Not just any dance, however. "La Danse Alpha" (The Literacy Dance), as it was coined, has become a serious tradition in our course. It started one day last year, when all the participants were falling asleep in a class I was teaching. It was hot, everyone was tired, and we needed to move a little so I made everyone stand up and I led them in a little exercise based on the old camp song "Silly Willy". This is the song where you start by moving the finger and gradually add body parts until as many body parts as can be moved at the same time are all keeping time. I got them moving their fingers and then explained that "a literacy worker sometimes had to do more than one thing at once" and so we added arm-movement, then 2 arms, then I told them that "life could be very complicated with all the varying tasks" and we added legs, and that "the work would make them dizzy some times, so had better practice turning in circles", and so and so on. This was all spur of the moment, but it gave such fits of laughter that they ask for it continually ever-since.

Anyways, to start off our "Olympics", we had this special dance-session of the Danse-Alpha. I brought in speakers and cranked up some old Bony-M tunes. It was hilarious. I got them doing disco moves and all kinds of crazy stuff. A total riot. A very different kind of dancing than the previous evening, but a ton of fun, nonetheless.

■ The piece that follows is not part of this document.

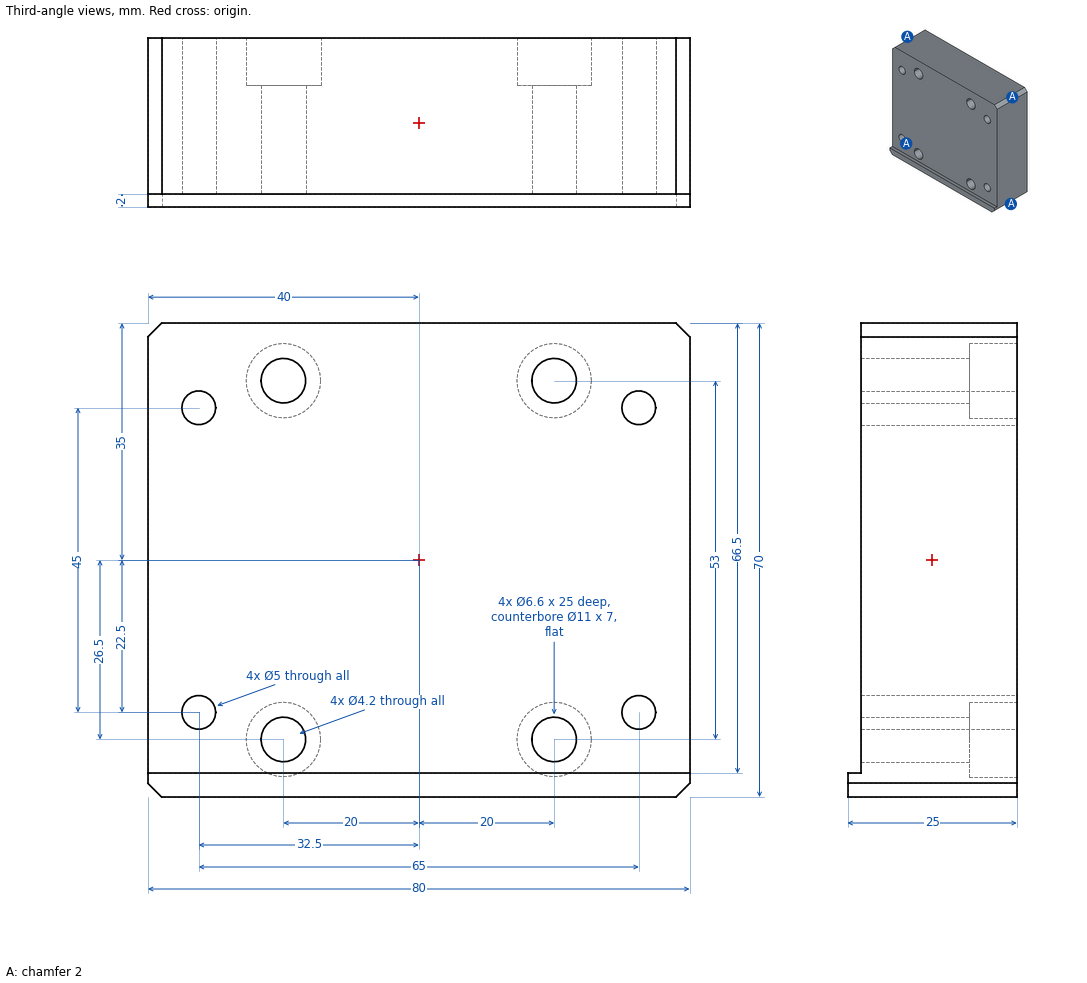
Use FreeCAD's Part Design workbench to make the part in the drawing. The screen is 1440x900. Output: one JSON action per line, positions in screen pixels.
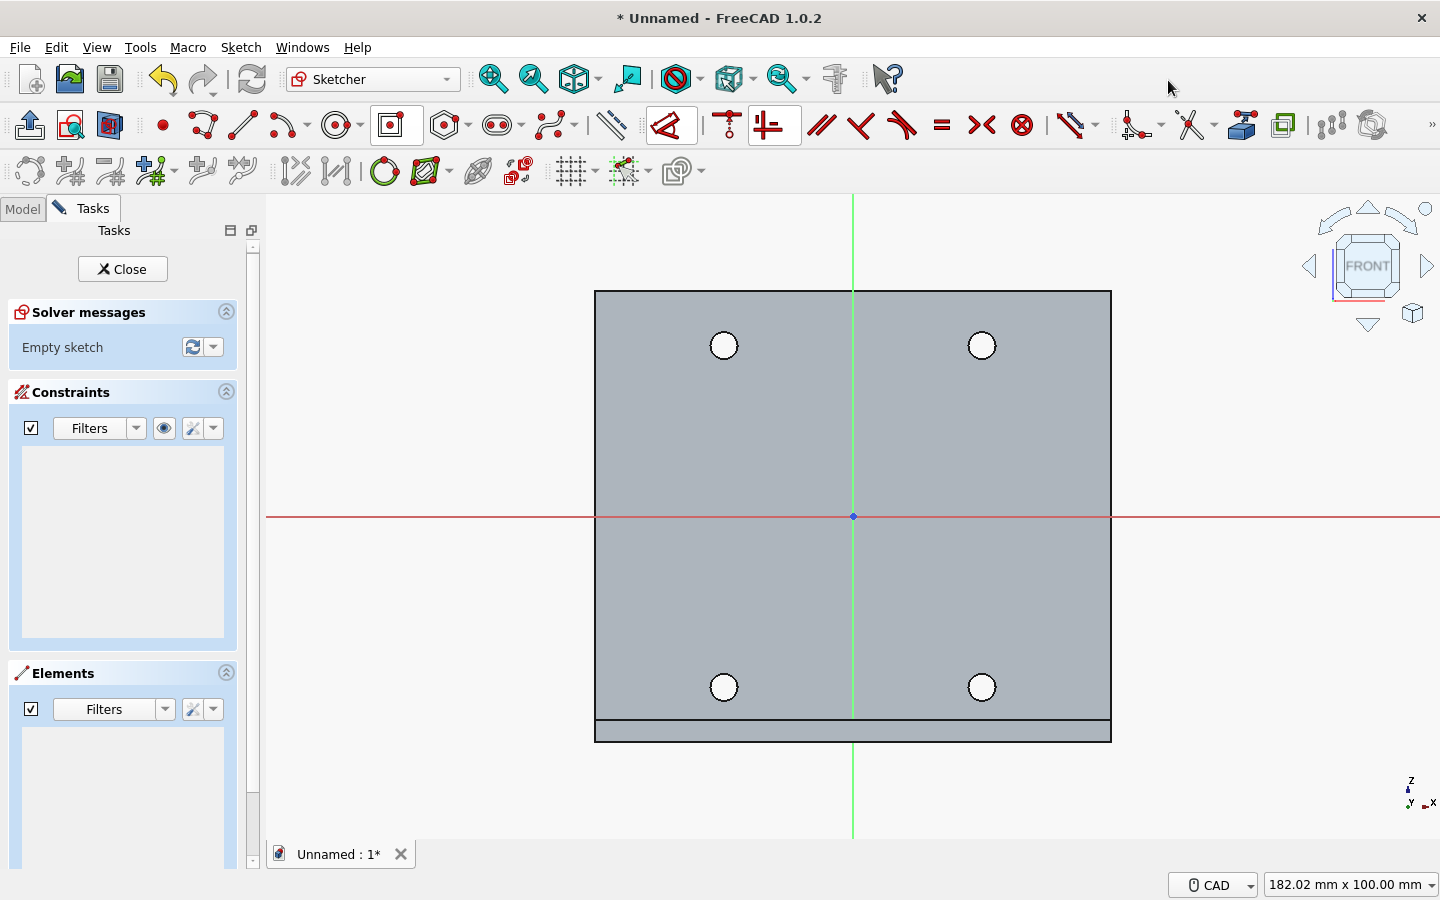
{"action": "left_click", "coordinate": [110, 126]}

This evening, Gideon and I were invited out for a party. A young British woman that works here, (she has been helping out with some logistics for our course) is going to marry a man from Chad and they will be leaving for England in 3 weeks. She and her fiancé were having a good-bye party and we got invited. Brilliant. It was a fun evening with a ton of young people (mostly international student-friends of the fiancé's) and some GREAT food. There were several Cameroonians present so Gideon and I had a grand-old time remembering "home" with them.


Lay your problems on the floor
clap your hands and sing once more:
Everybody, let's go to the "King"

We can dance there
dance and eat an ice-cream.

Bony M - Happy Song

1 comment:

Anonymous said...

Hey Steve,
Blessing's to you.
Leanne says you should play Abba and then vidio the dancing aftermath. Then post it.
We have been trying to get Sam to dance to Waterloo. You're becoming a real biker there. I hope that commuting to trinity was benificial. Keep your eyes up for the next race.